They all have the same problem and that problem is money. They want more of it.
Incorrect; the CEOs want more of it so they can line their pockets. Shareholders may want more to increase their investment but not if it comes at the risk of the product they bough stocks in. Hence why you had Goldman-Sachs investors questioning SIE on the PC strategy at an investor's call earlier this year.
Y'all really like leaving that part out :/
As costs continue to rise and other platforms become more attractive, the temptation to release on multiple platforms becomes too great.
Costs only continue to rise because of inflation and creative choices in AAA game dev.

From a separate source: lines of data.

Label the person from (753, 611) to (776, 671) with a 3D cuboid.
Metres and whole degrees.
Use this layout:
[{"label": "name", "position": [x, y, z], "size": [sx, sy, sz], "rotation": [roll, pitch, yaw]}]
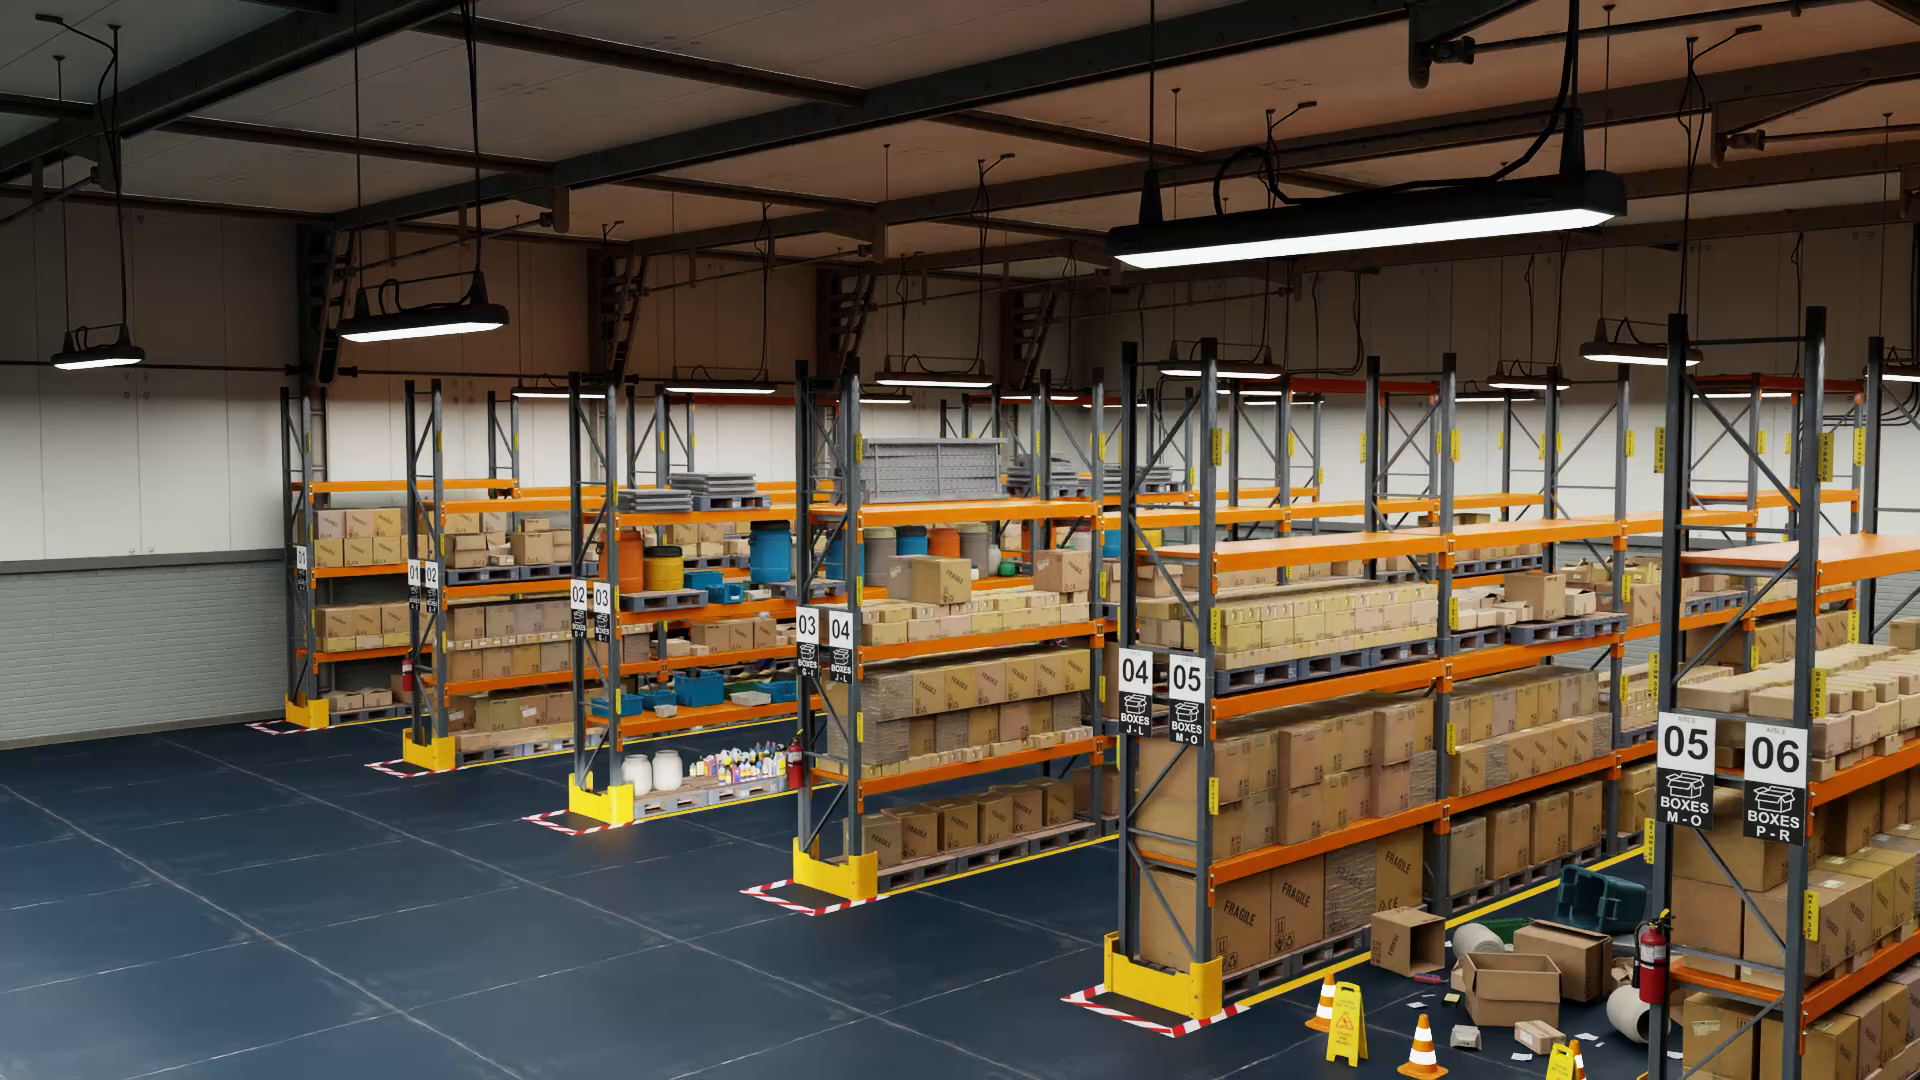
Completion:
[{"label": "person", "position": [-4.035, 1.984, 34.383], "size": [0.466, 1.580, 0.537], "rotation": [-2, 4, -26]}]

Only one of those is outside the control of publishers, can you guess which one?
We already see 60% of PlayStations resources are going day and date to PC.
For their GAAS titles. And it's a bad bet on SIE's front; they had lightning in a bottle with Helldivers. Instead that attention has been split up into games like Concord, which will likely fail commercially, leaving less room to fully capitalize on stuff like HD2.
Also, just because a company is doing a certain strategy, doesn't mean it's a smart strategy. See: Microsoft's moves for Xbox consoles over the past 10 years. And, yes, that includes Day 1 Steam for all of their 1P titles (which mainly started happening THIS generation).
We already see a number of their big single player exclusives come to PC after a short time.
And outside of an even smaller portion of them, not exactly setting the sales charts on fire.
Nintendo won't sit idly by as its costs continue to rise. Will Switch 2 marketshare rise at the same rates as Switch 2 budgets? Not likely.
It doesn't have to. Nintendo's one of the most stable companies in the world when it comes to finances, and they haven't been overtaken by greedy dumb shareholders or questionable CEOs. You have this extremely flawed idea that all companies are the exact same, and will chase money to the absolute ends of the earth, their corporate identity, ethos, or culture be damned.
That is simply not the case. Just because you've been hoodwinked by Microsoft and the GAAS market at large, doesn't mean other gaming companies operate in the exact same fashion. It's time you start looking at these companies for what they are instead of what you think they are.
Games are the platform, not plastic boxes.
They are both the platforms. And if those plastic boxes didn't matter, why haven't SIE or Nintendo made their hardware tech open-license for anyone to use to build their own systems? Why hasn't Apple with their iPhones? Google with their phones? Samsung? Even Microsoft hasn't done this (yet) with Xbox hardware.
Once again, reality smacks your farcical fantasy in its face.